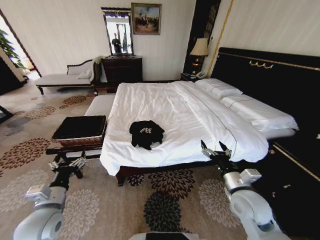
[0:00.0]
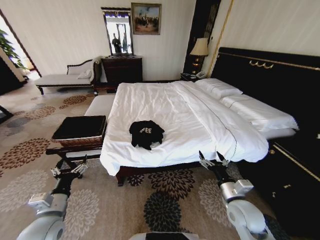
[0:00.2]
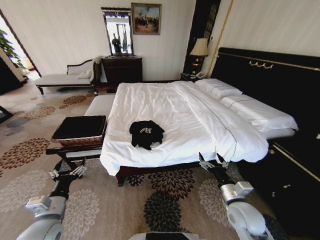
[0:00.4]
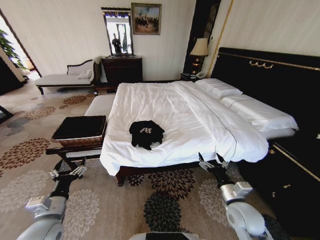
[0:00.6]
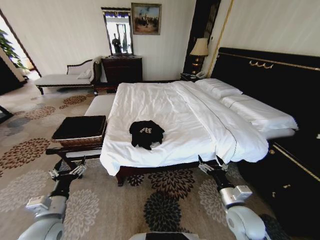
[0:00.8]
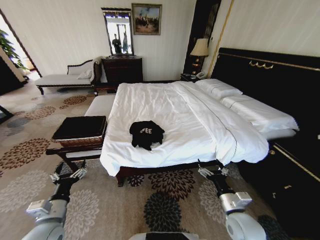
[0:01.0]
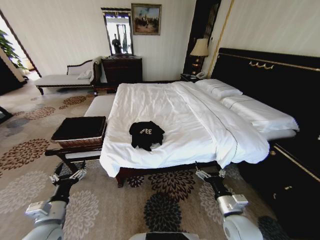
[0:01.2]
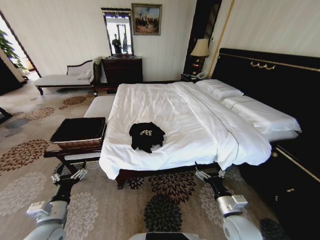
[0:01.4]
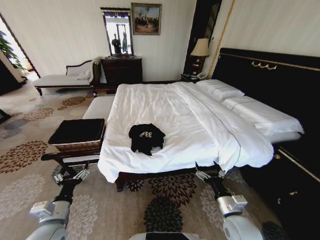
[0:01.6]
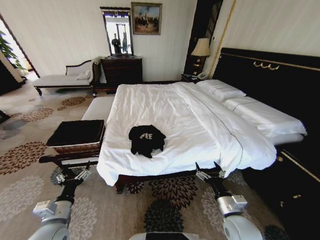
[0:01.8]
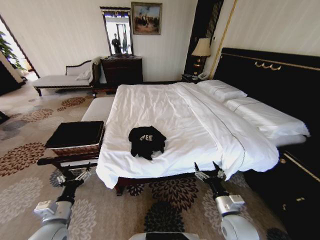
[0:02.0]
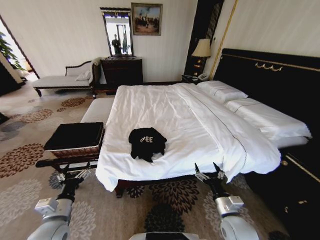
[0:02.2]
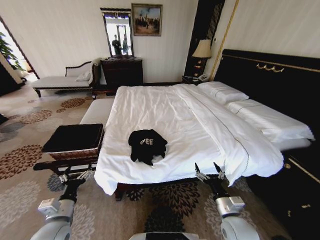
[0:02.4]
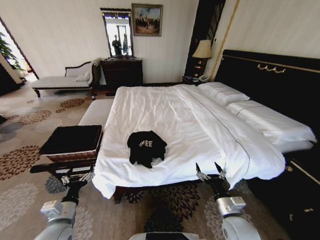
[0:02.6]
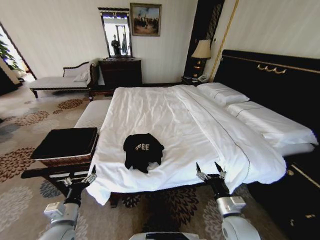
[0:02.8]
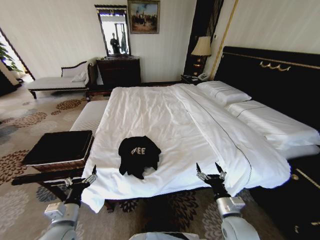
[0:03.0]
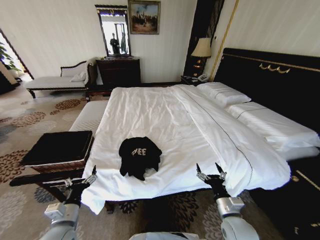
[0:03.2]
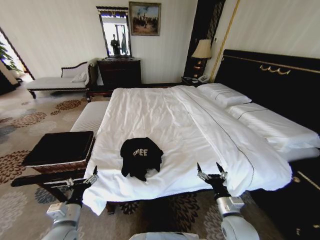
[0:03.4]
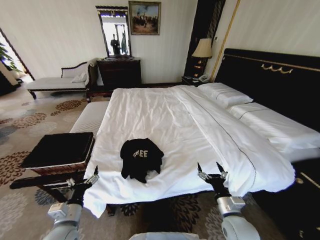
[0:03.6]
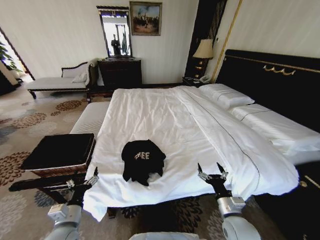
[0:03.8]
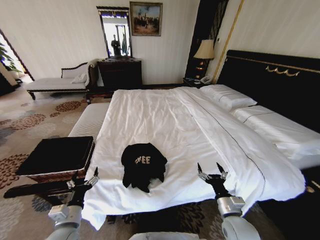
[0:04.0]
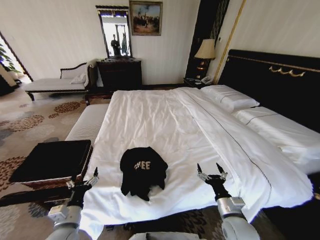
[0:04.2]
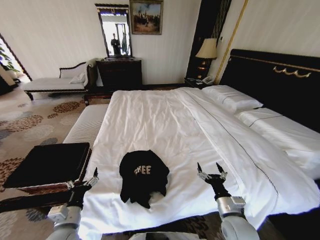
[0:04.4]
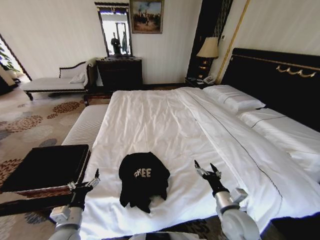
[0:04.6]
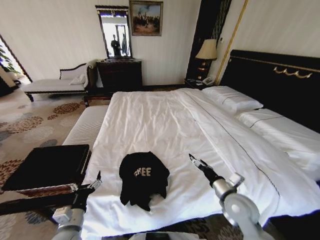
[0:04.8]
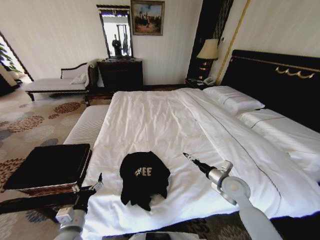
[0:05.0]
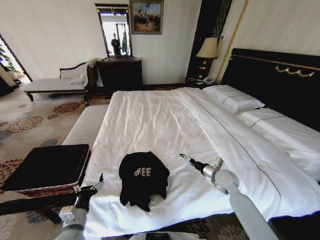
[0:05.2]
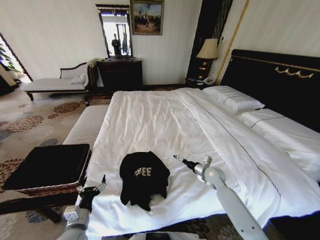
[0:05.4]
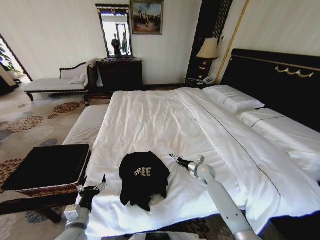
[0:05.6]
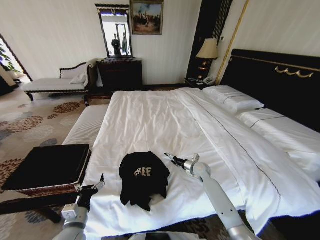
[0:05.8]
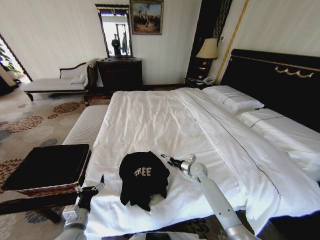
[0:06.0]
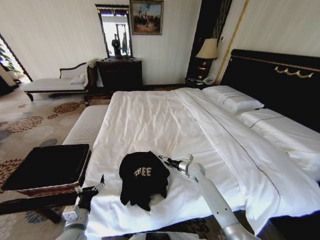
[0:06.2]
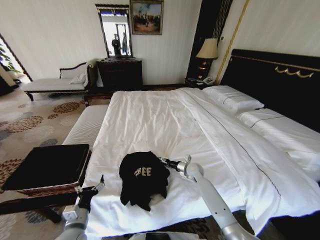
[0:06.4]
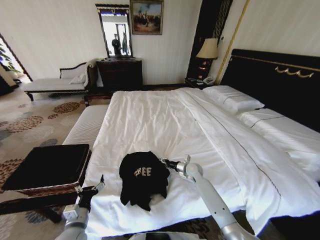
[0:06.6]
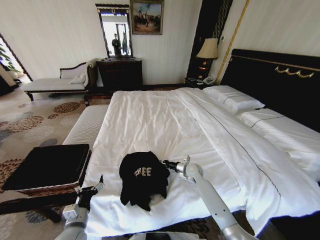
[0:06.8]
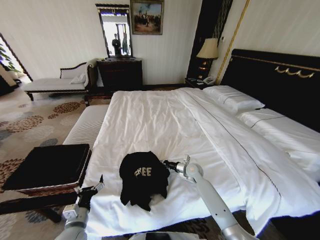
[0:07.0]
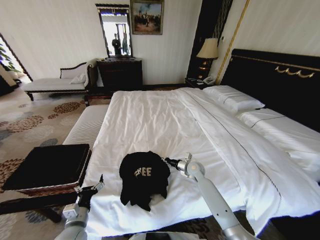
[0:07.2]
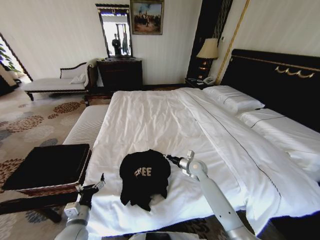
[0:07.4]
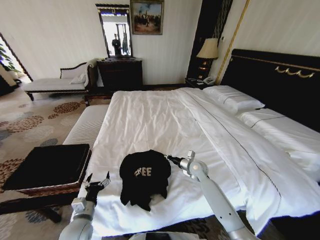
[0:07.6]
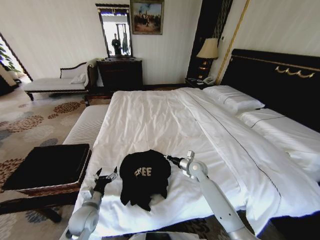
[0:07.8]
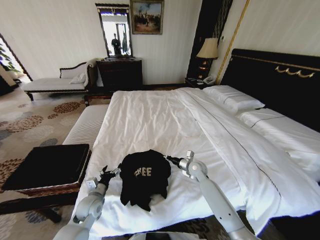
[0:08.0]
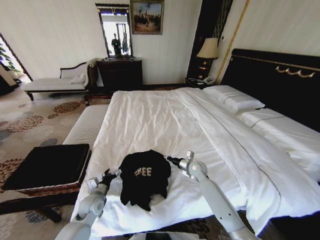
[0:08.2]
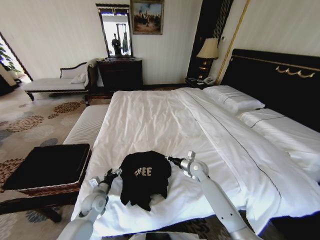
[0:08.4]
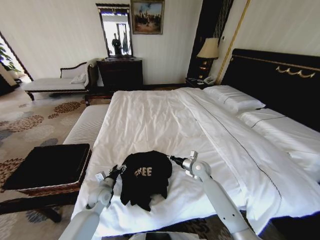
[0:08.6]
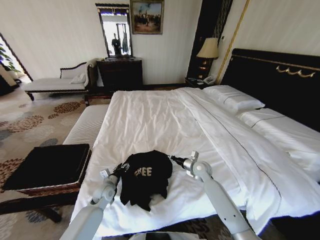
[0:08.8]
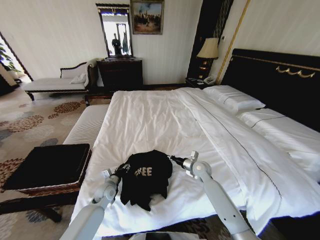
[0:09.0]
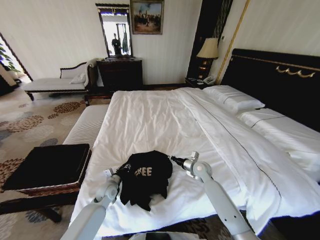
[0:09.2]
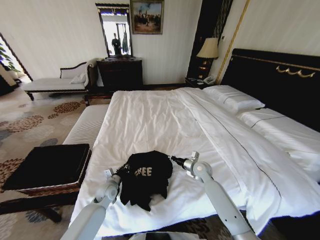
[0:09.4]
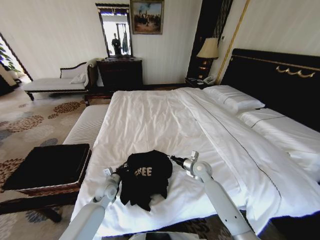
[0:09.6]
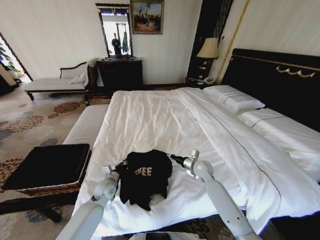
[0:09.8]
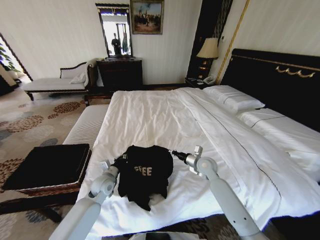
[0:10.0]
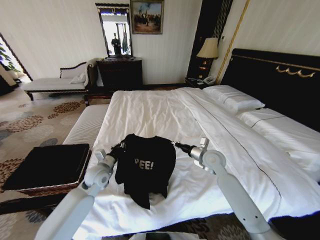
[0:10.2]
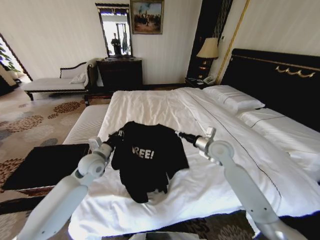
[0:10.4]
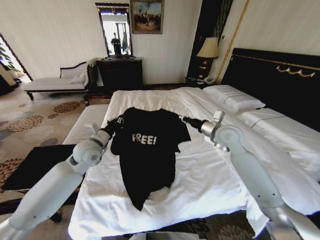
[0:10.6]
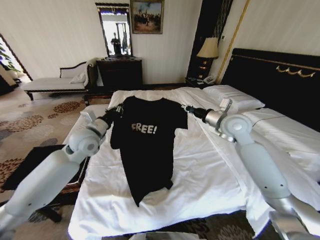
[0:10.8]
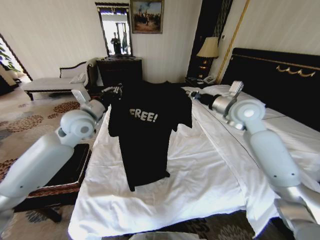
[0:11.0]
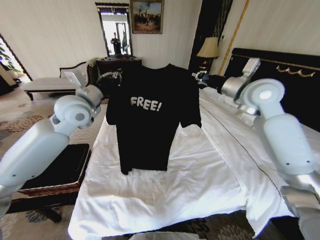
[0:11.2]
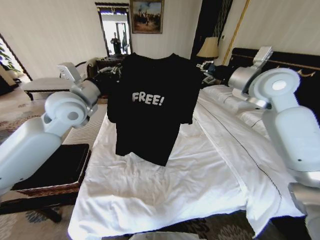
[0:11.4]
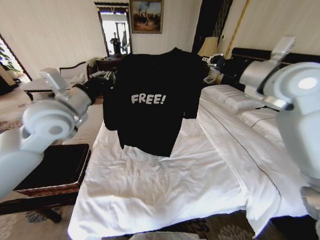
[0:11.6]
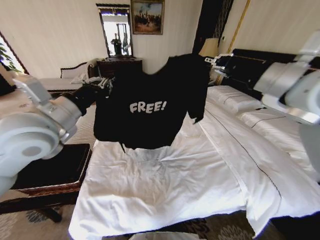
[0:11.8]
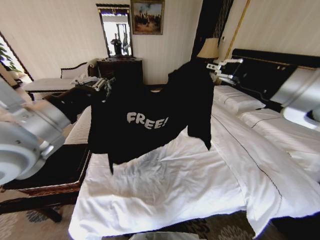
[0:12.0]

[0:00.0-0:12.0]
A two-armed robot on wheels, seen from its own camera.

• _Work item_: Word for word, write out each of the records, but not the pictures.

• _Worked solution_:
[0:00.0]
[0:00.2]
[0:00.4]
[0:00.6]
[0:00.8]
[0:01.0]
[0:01.2]
[0:01.4]
[0:01.6]
[0:01.8]
[0:02.0]
[0:02.2]
[0:02.4]
[0:02.6]
[0:02.8]
[0:03.0]
[0:03.2]
[0:03.4]
[0:03.6]
[0:03.8]
[0:04.0]
[0:04.2]
[0:04.4]
[0:04.6]
[0:04.8]
[0:05.0]
[0:05.2]
[0:05.4]
[0:05.6]
[0:05.8]
[0:06.0]
[0:06.2]
[0:06.4]
[0:06.6]
[0:06.8]
[0:07.0]
[0:07.2]
[0:07.4]
[0:07.6]
[0:07.8]
[0:08.0]
[0:08.2]
[0:08.4]
[0:08.6]
[0:08.8]
[0:09.0]
[0:09.2]
[0:09.4]
[0:09.6]
[0:09.8]
[0:10.0]
[0:10.2]
[0:10.4]
[0:10.6]
[0:10.8]
[0:11.0]
[0:11.2]
[0:11.4]
[0:11.6]
[0:11.8]
[0:12.0]

[0:00.0-0:12.0]
A two-armed robot on wheels, seen from its own camera.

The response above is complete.